All that remains is the small matter of returning home and eventually getting back to my bed at 10pm on the following day.

“Tomorrow will bring a new detainee, a new destination and a new challenge.”

Mark Brown
Duty Manager and Senior Detainee Custody Officer

Detainee Custody Officer | About the job

No two days are the same for a Detainee Custody Officer (DCO). You’ll come into contact with people from all walks of life on a daily basis as well as liaising with other G4S colleagues along with a wide variety of other
people including immigration officials, airport personnel and overseas authorities.

Are you the person we’re looking for?

Being a DCO isn’t always plain sailing. It requires motivation, determination, initiative, adaptability and flexibility. You will be dealing with a wide variety of people as well as following standard processes and procedures in line with training and regulations, so the ability to follow instructions and respond positively is vital.
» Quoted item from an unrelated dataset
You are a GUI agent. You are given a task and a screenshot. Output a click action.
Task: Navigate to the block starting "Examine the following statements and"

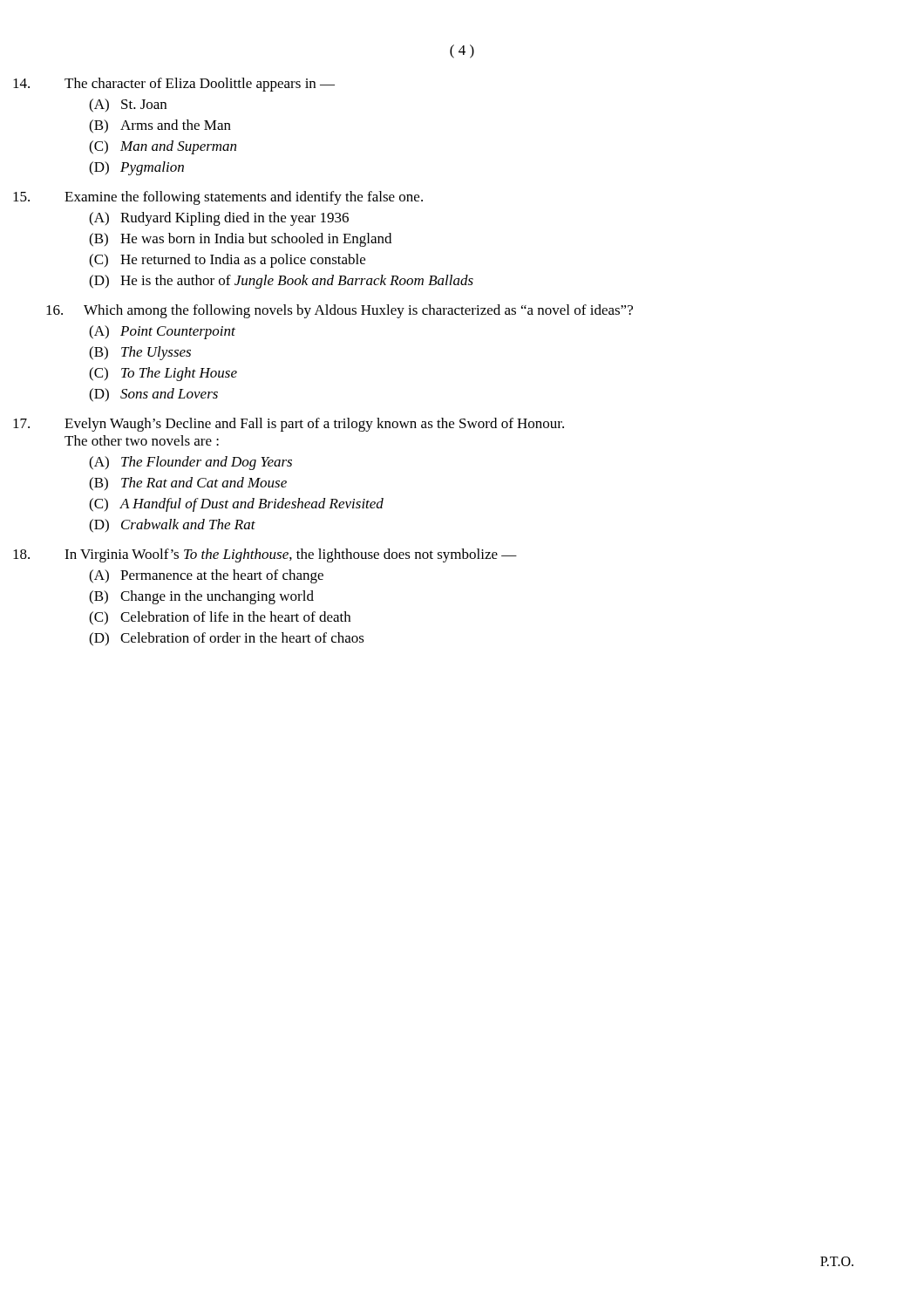[x=433, y=197]

We need people from a broad range of backgrounds with life experience who are good at listening to others, vigilant, non-judgmental and able to remain calm and in control under pressure. As part of our team of DCOs you’ll face many challenges so you’ll need to be able to think on your feet and use your initiative.

What will I be doing?
  • Accompanying detainees on scheduled or charter flights to their country of origin
  • Undertaking group repatriation on UKBA charter flights
  • Driving detainees and colleagues to the aircraft
  • Ensuring the welfare and security of the detainee is maintained at all times
  • Maintaining security and taking appropriate action to prevent escapes
  • Liaising with immigration officials, airport personnel and overseas authorities
  • Dealing with vulnerable and difficult detainees in a calm and professional manner to reduce risks to safety and security
  • Processing detainees, preparing documentation and ensuring that all paperwork is accurate and current
Frequently asked questions

What are the working hours?
Due to the nature of the role, start and finish times will vary according to flights and the needs of the business. You will be on call according to a shift rota and must be available for duty at any time 24 hours a day whilst on call. Actual hours worked will depend upon the job you have been tasked with. Overnight stays may also be required depending on the destination.
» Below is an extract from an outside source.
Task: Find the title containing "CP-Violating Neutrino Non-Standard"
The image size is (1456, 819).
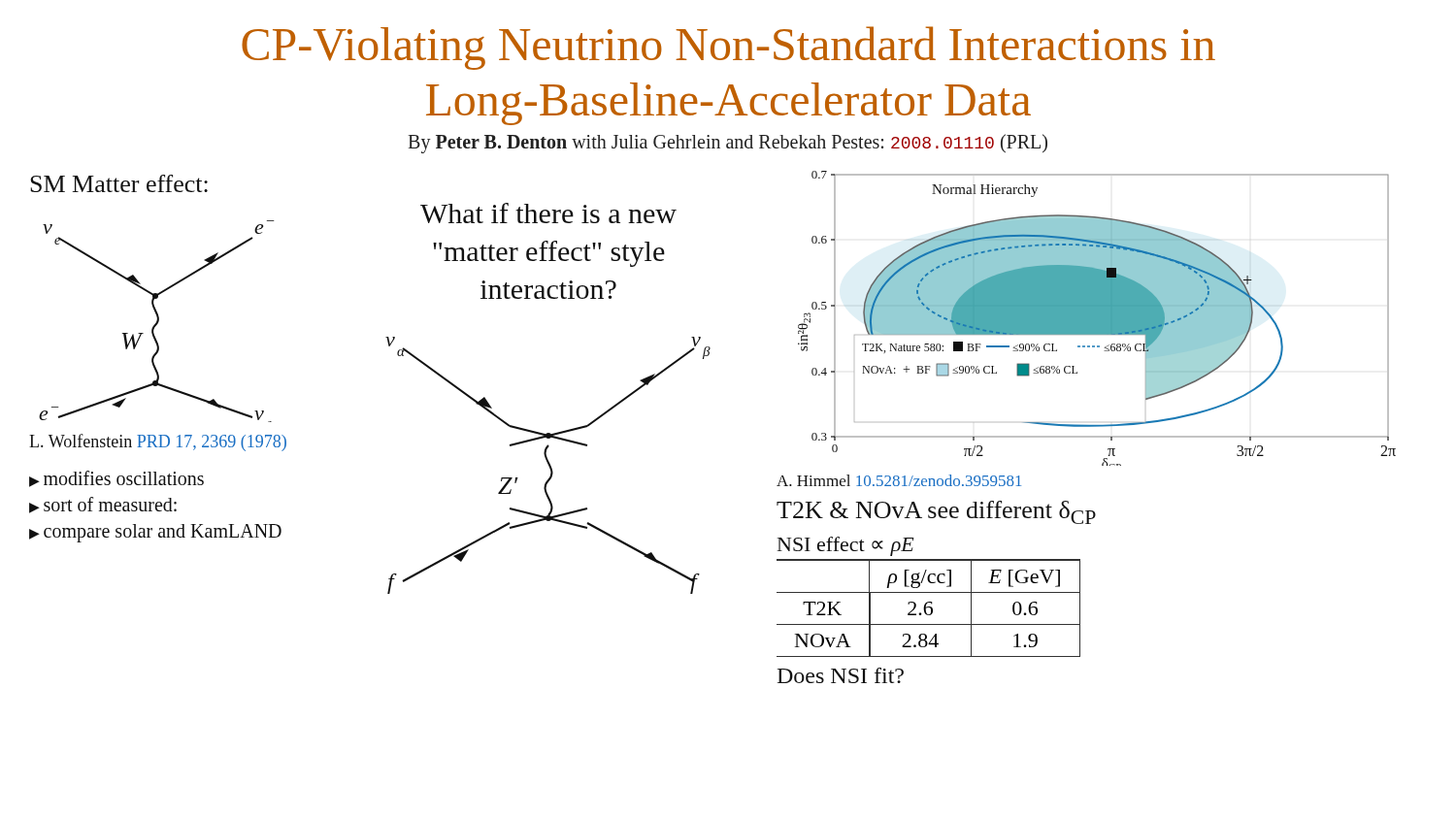Action: pos(728,86)

Will I be working with the same people all the time?
You will work alongside other DCOs to ensure that the detainees in our care are returned to their country of origin with dignity and respect. Travelling to a wide variety of destinations across the world means that you’ll come into contact with people of many nationalities and cultures so the ability to build relationships and trust quickly is vital.

Do I need previous experience in this type of work?
No. We welcome applications from people from all backgrounds with life experience and a common sense
approach. Your positive attitude, motivation and non-judgmental disciplined approach are essential to succeed.
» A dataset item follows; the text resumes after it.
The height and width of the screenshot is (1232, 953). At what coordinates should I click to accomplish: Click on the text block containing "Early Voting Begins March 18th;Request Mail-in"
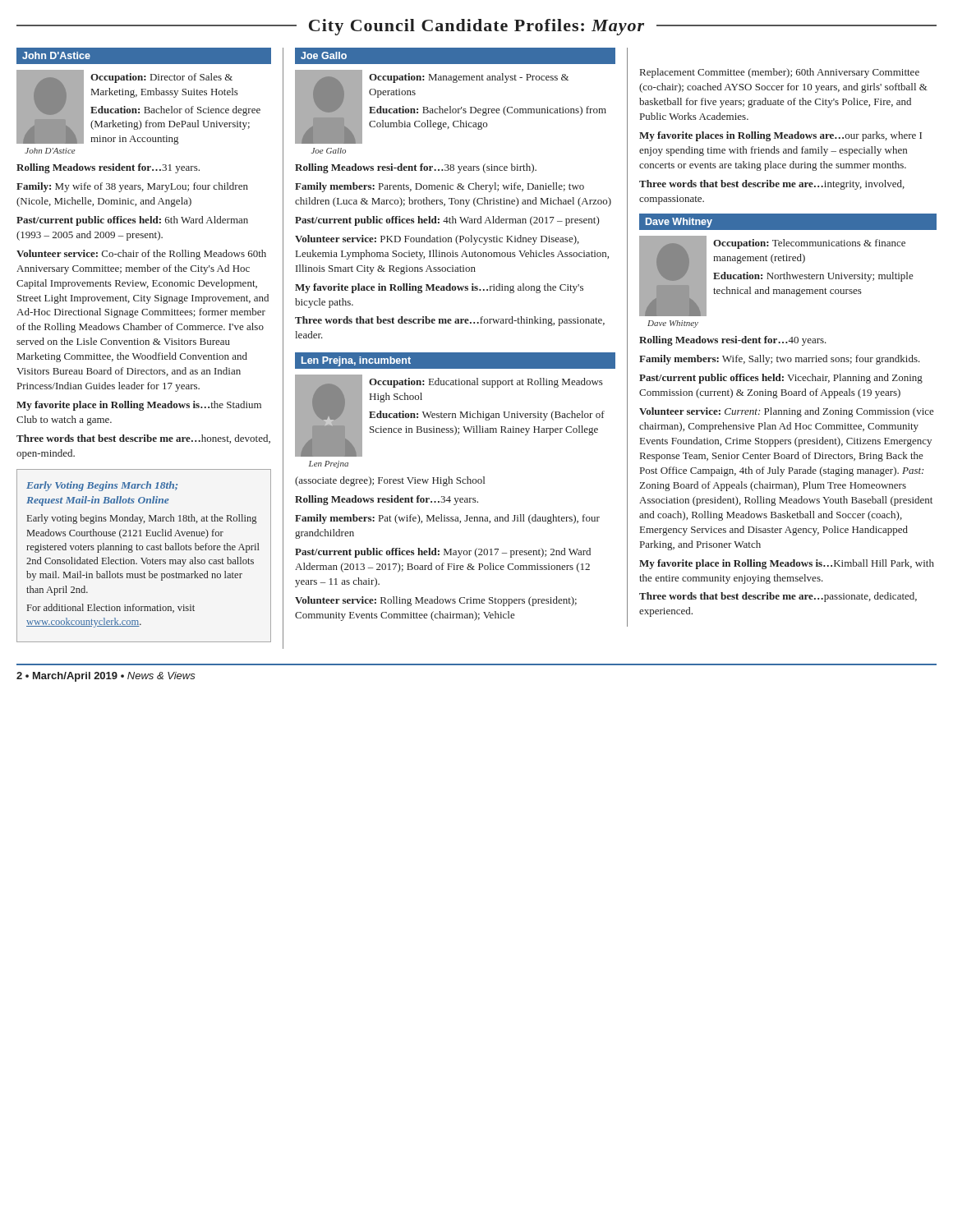pyautogui.click(x=144, y=554)
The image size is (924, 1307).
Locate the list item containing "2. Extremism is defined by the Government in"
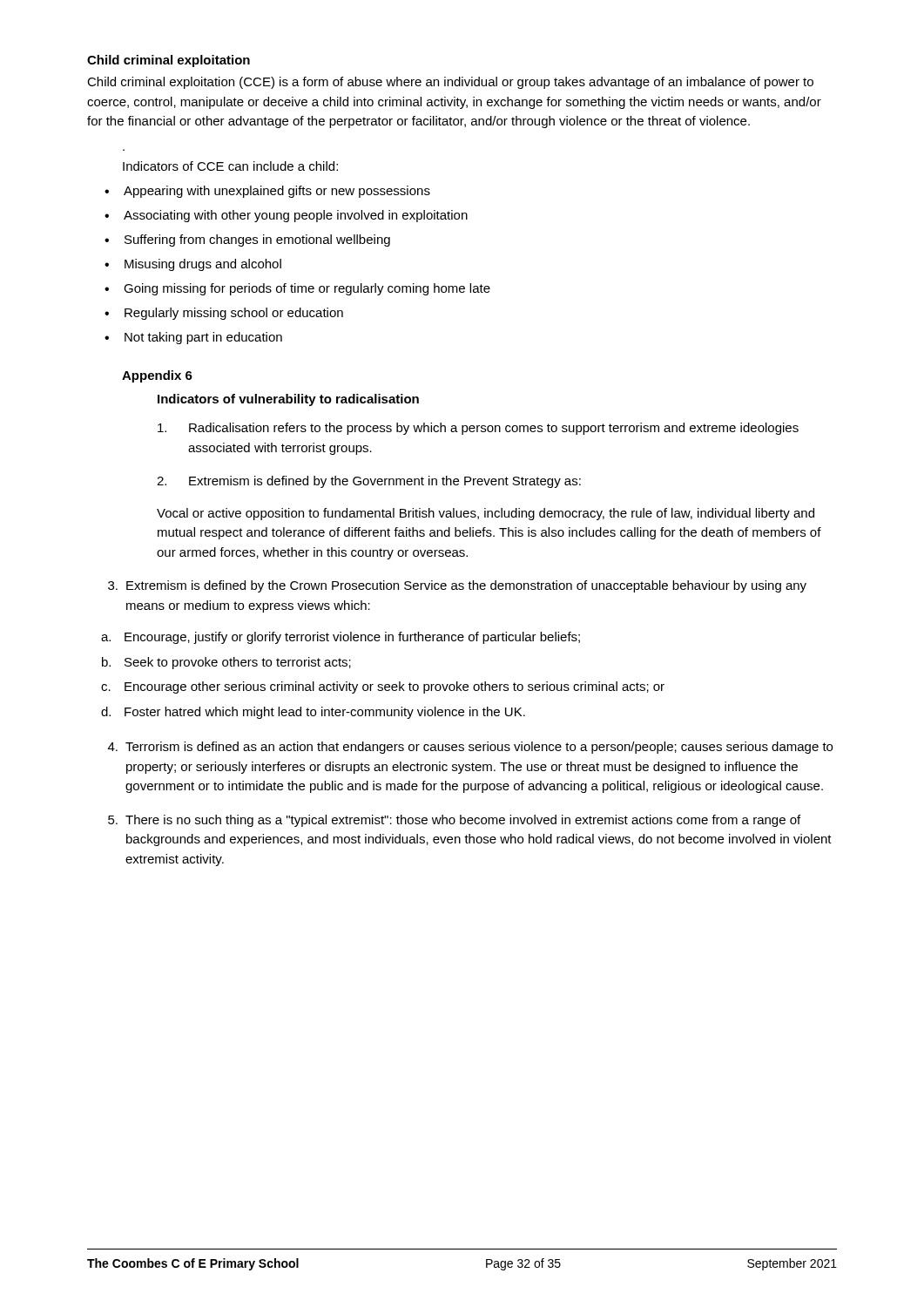[369, 481]

What training will I receive?
In order to become a DCO, you’ll attend our comprehensive Home Office approved Initial Training Course (ITC) which covers skills such as communication, security, first aid and control and restraint. The ITC is followed by an induction and on-job training where you will work with more experienced DCOs in order to gain more practical experience of all aspects of the job.

When would I start work?
It can take up to 16 weeks before your security checks are complete. These checks include a 10 year employment history check, Counter Terrorist Clearance (DCO Accreditation) and an Enhanced Criminal Records Check carried out by the Criminal Records Bureau. You will also need to have been resident in the UK for a minimum period of three years to be eligible.

What are the benefits of working for G4S?
We invest heavily in our people and offer benefits that you would expect from a large quality organisation including generous holiday entitlement, life assurance, company pension, sick pay scheme, comprehensive training, career development and a uniform.